I am trying to use them for the actual purpose.. not a cosmetic affect... so should I think otherwise...


----------



## Margaritaman (Aug 25, 2008)

nikoli8 said:


> I am trying to use them for the actual purpose.. not a cosmetic affect... so should I think otherwise...


The headbanging is directed toward our _Village Idiot autoduel _who is telling you to intentionally cross thread the wrong size bolt into the hole. Just because you can doesn't mean you should.

Metric and SAE thread sizes are different and not interchangeable, unless of course autoduel is building the bike.

You can use nylon and they'll work fine although they might stretch over time (I personally don't think they would). If you're looking for light just get aluminum ones and you'll be good to go.


----------



## nikoli8 (Mar 23, 2008)

*Thanks*

I have just ordered aluminum from Toronto Cycles and was also placn an an order with Rothshek and was gonna add these to it.. I think the gram loss in extremely minimal and will go with aluminum... but will order the other to try some time..


----------



## Hardtailforever (Feb 11, 2004)

Funny you should post this question, because I had a guy in the shop the other day with some nylon bottle bolts. They had sheared off and I spent 20min drilling the damned things out of the holes and cleaning up the threads from all the plastic that had gummed them up.

If you're actually going to use them to put a bottle cage on, I highly recommend aluminum bolts.


----------



## DeeEight (Jan 13, 2004)

Yep, plastic bolts are simply good for holding non-loaded parts together, or plugging holes in the frame to keep water out (though bic pen end caps do the latter for much cheaper). Your typical small road bottle size is 500ml and the larger ones mountain bikers tend to use are about 700ml. 1 ml of water = 1 gram and well, I wouldn't trust two little plastic bolts to hold over a pound of mass to the bike in any real riding/racing conditions. Maybe pathway cruising sure where the bike doesn't experience any bouncing or bumps, but not real trail riding.

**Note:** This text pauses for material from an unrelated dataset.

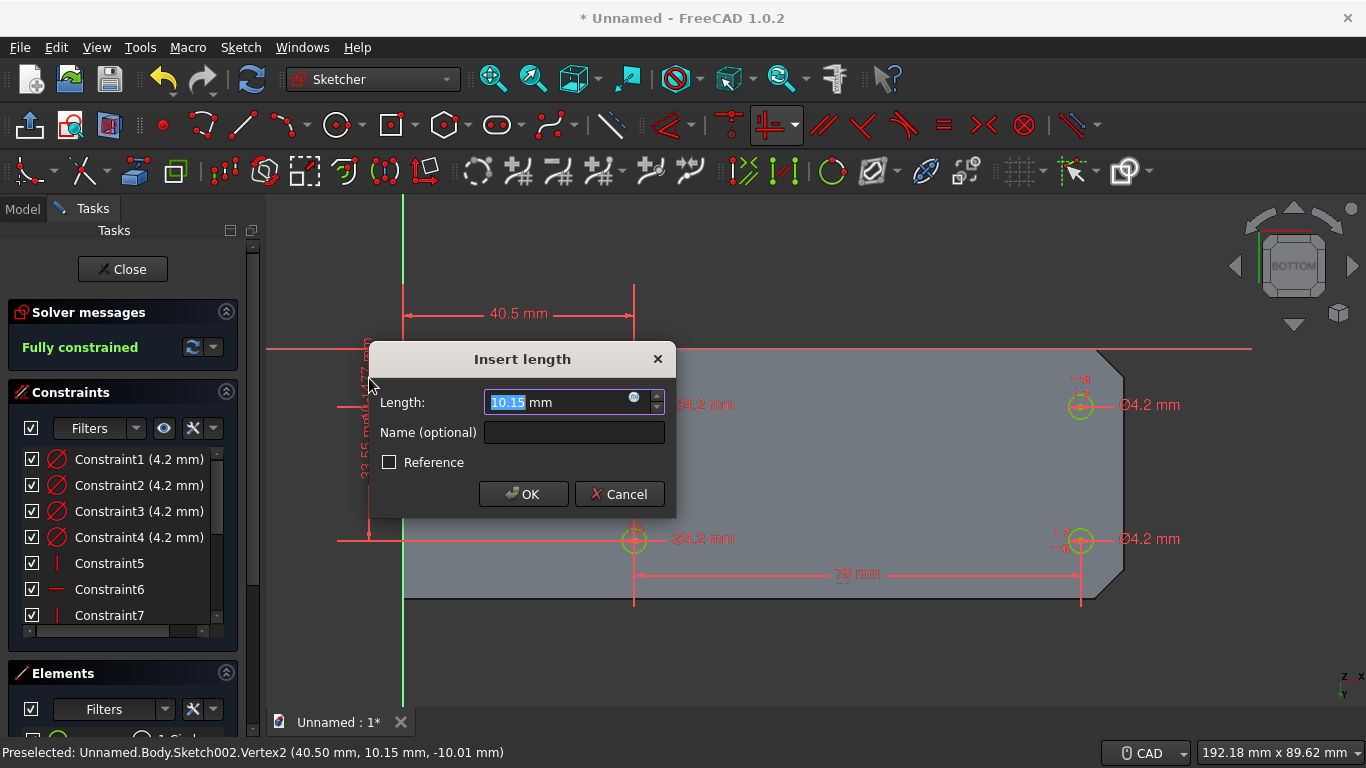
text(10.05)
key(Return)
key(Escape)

I'd use them to maybe hold a bell on the bike, or the computer mounting bracket, or perhaps even a light mount, but that's about it.


----------



## autoduel (Feb 2, 2004)

Margaritaman said:


> The headbanging is directed toward our _Village Idiot autoduel _who is telling you to intentionally cross thread the wrong size bolt into the hole. Just because you can doesn't mean you should.
> 
> Metric and SAE thread sizes are different and not interchangeable, unless of course autoduel is building the bike.
> 
> You can use nylon and they'll work fine although they might stretch over time (I personally don't think they would). If you're looking for light just get aluminum ones and you'll be good to go.


We're talking nylon screws, not steel on steel. I'm speaking for this specific instance, not a generalization. :madman: 
The WB boss will chase the nylon and provide enough bite to hold it on.
And as I said, the are only for plugging holes, not holding anything on. Nylon simply does not have any tensile strength. 
Also cut the screws down to 1/4" length as well for plugging.


----------



## Tiffster (Jan 30, 2008)

Im using nylon bolts - 4 x M5x15mm bolts is 1.6 grams  

I dont use water bottles so as others said i only use them to plug the holes. I played around with some when i got them and they can actually take a fair amount of pressure but not much.

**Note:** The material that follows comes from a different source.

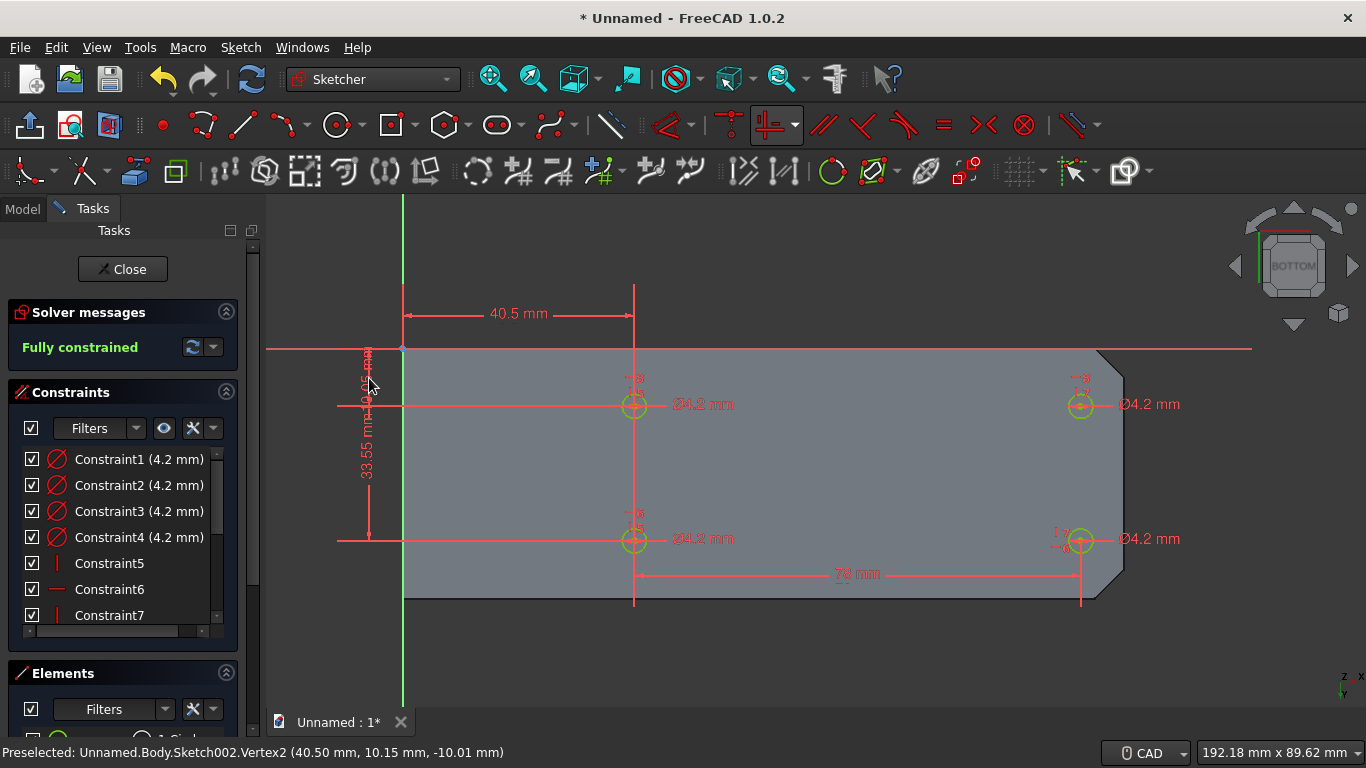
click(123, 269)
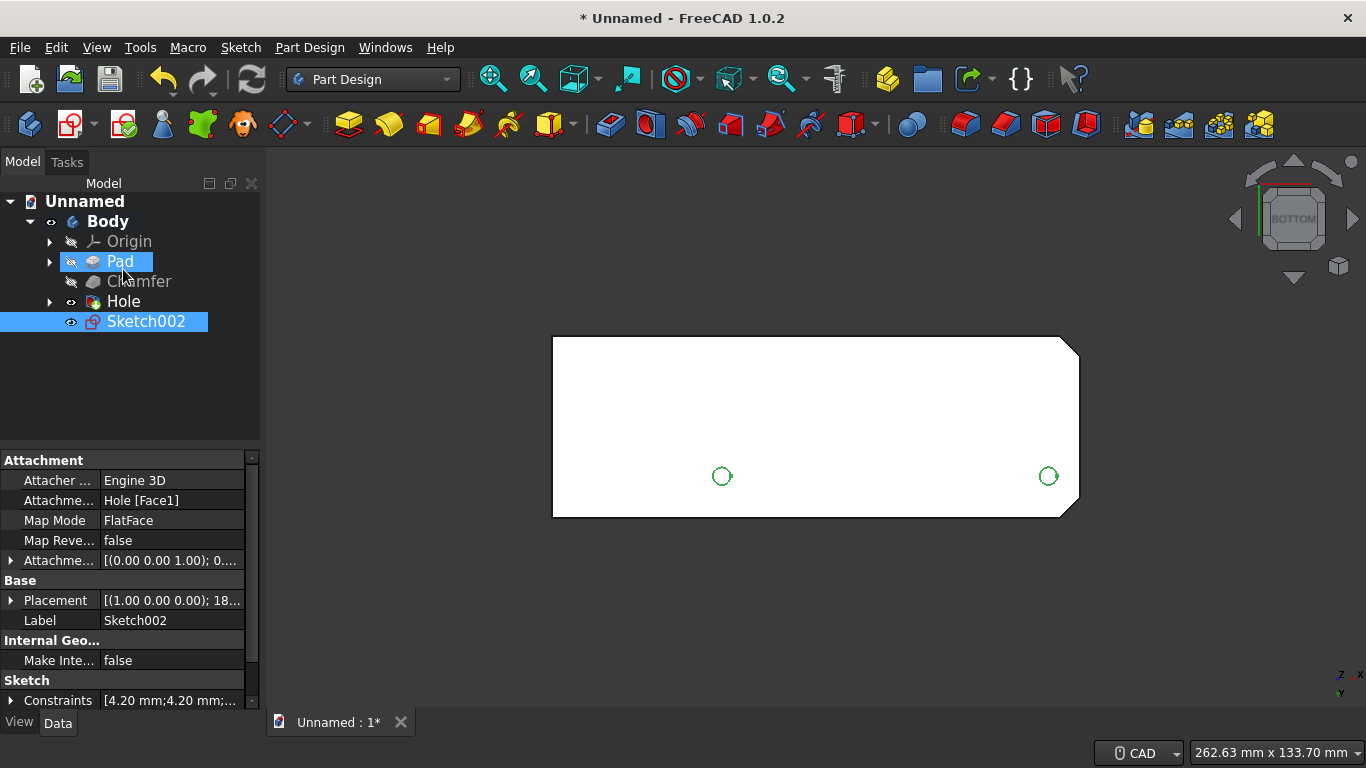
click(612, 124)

IF you have the money and Really want light check out Schmokle's carbon fibre bolts. MEGA expensive at £20 GBP for 4 bolts - but there light and strong enough for most parts.


----------



## Broccoli (Jun 11, 2008)

Margaritaman said:


> The headbanging is directed toward our _Village Idiot autoduel _who is telling you to intentionally cross thread the wrong size bolt into the hole. Just because you can doesn't mean you should.


What could happen with a nylon screw? It will not damage the frame. Better then a simple plug, as it sits tighter.

I have done it once, but since I have a collection of colored aluminum screws, I do not bother with nylon. Aluminum can actually hold a bottle. For a while.


----------



## Margaritaman (Aug 25, 2008)

Curmy said:


> What could happen with a nylon screw?


:thumbsup:


----------



## DKTC (Aug 27, 2007)

I've been using nylon screws for sometime now and it holds up no problem for 750ml bottle on both my mountain and road bikes. You just have to be careful not to overtighten them..other than that they are ok. One other sharing I had a fall recently and my cage and bottle got drag off the frame. The nylon screw was damaged but no damage on the cage or the frame screw holes. Usually for this type of incident usually the cage will break or sometimes damage the frame too. So I was glad that I was using nylon screws vs aluminium or steel.


----------



## cmh (Jan 30, 2004)

Nylon bolts can be had in a bunch of varieties from McMaster. 8mm head, M5x12, part number 99602A420. $10 for a pack of 100. Phillips pan head M5x10 black nylon: 92492A320, $8.01. 100 bolts might be more than you need, but I've gotten a pack and shared with friends and used them on all the bikes I have that I don't use cages with. Also effective keeping the cable guides in place on a Scott Scale as there isn't really any force on those.


----------



## loggerhead (Mar 8, 2009)

if you don't ever plan on using a bottle, just put a dap of silicone adhesive in the hole. easy to get out as well. doesn't get any lighter than that.


----------